* [Assigned task]:
No pictures, nothing altered: return the data below.

═══ Records for the exercise

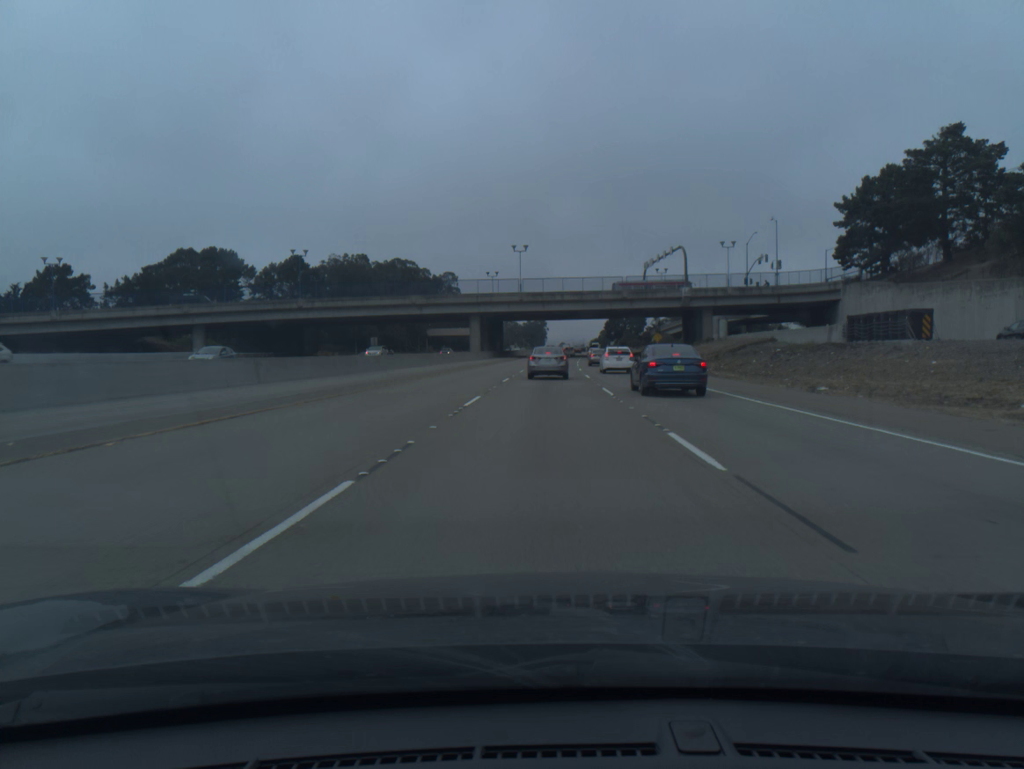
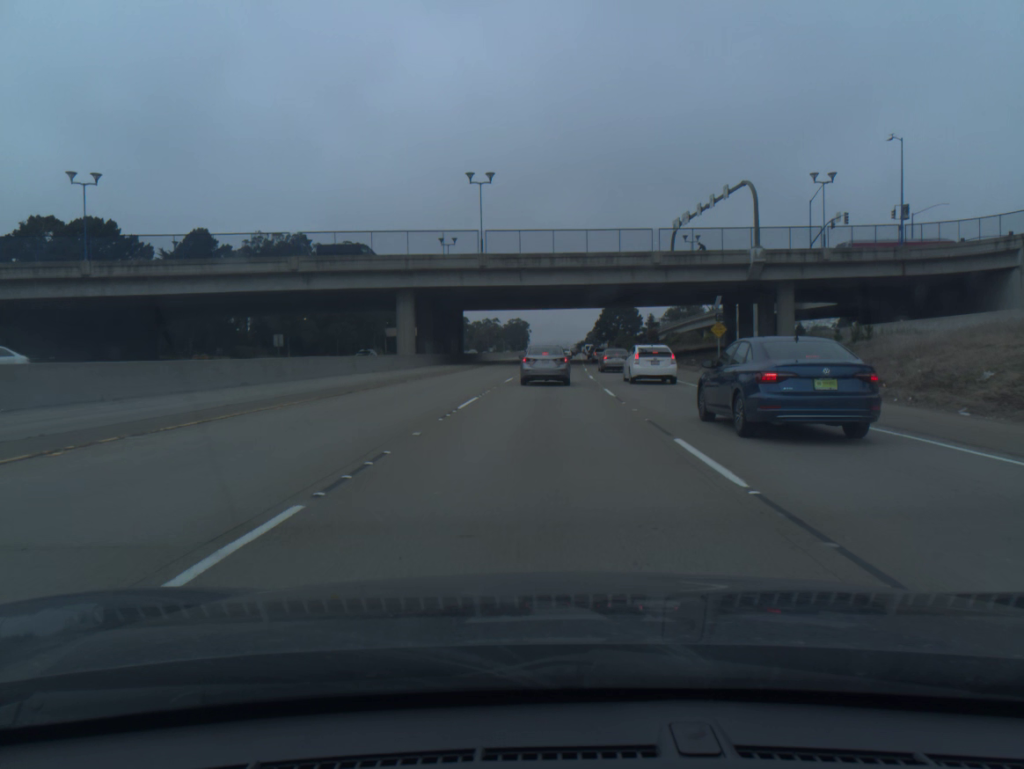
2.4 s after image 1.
(+0.6, +44.8) m; +1°
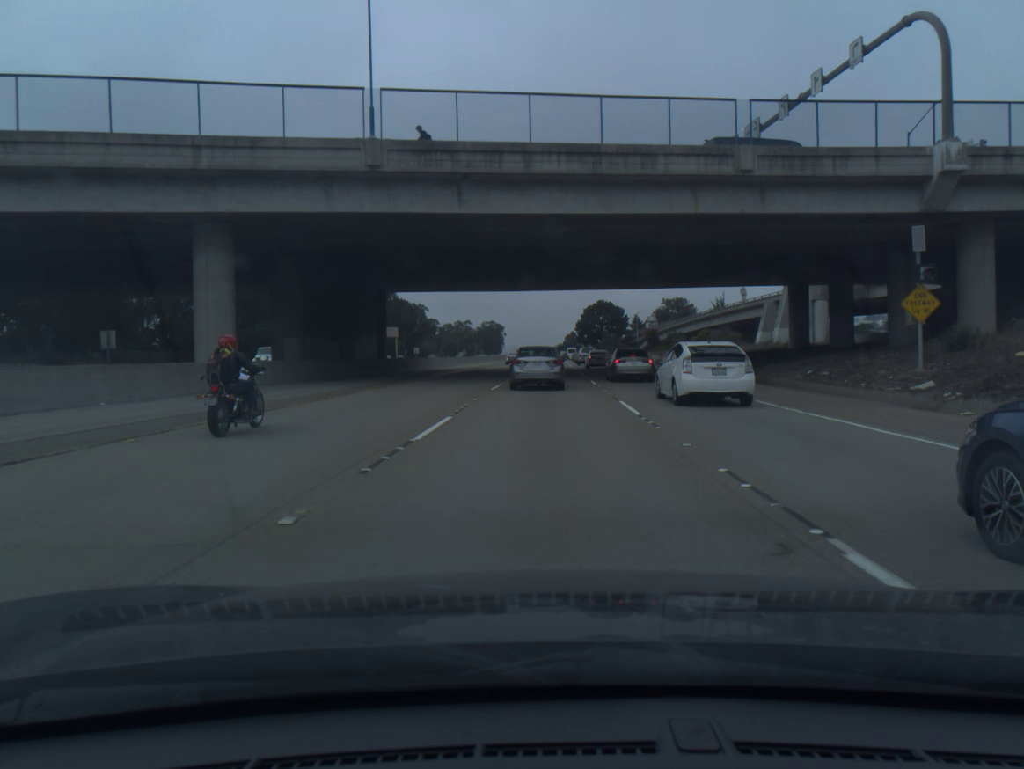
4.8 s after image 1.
(+0.4, +35.1) m; +2°
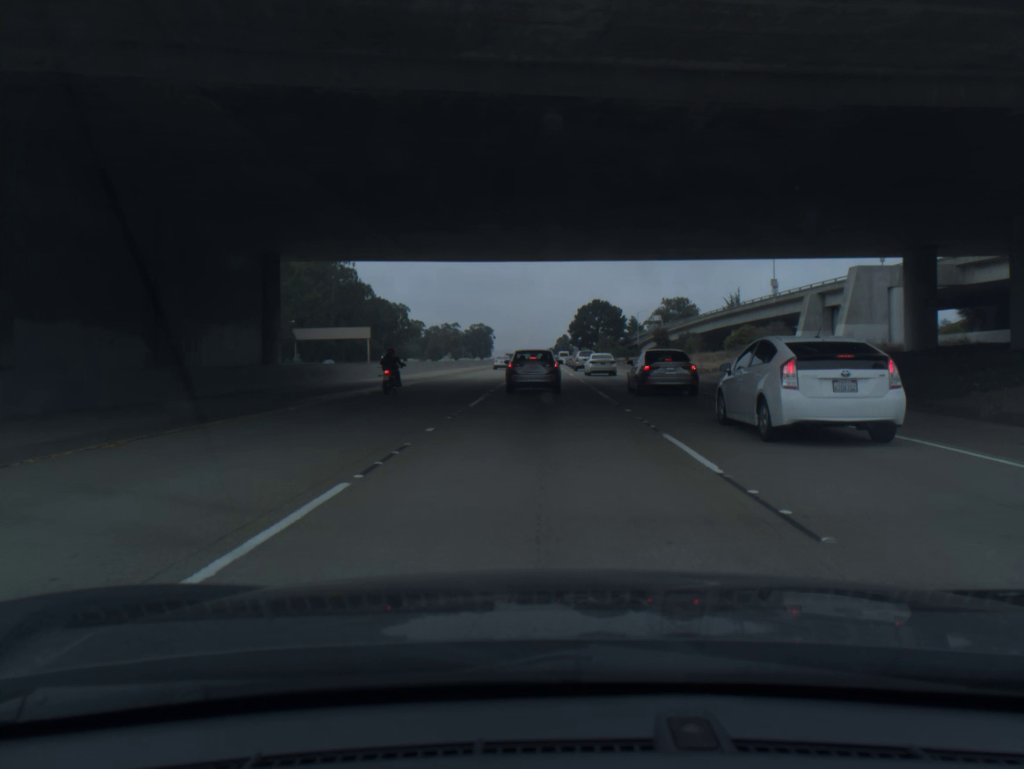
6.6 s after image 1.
(+0.2, +22.2) m; +1°

══════

* [Exercise answer]:
2.4 s after image 1.
(+0.6, +44.8) m; +1°
4.8 s after image 1.
(+0.4, +35.1) m; +2°
6.6 s after image 1.
(+0.2, +22.2) m; +1°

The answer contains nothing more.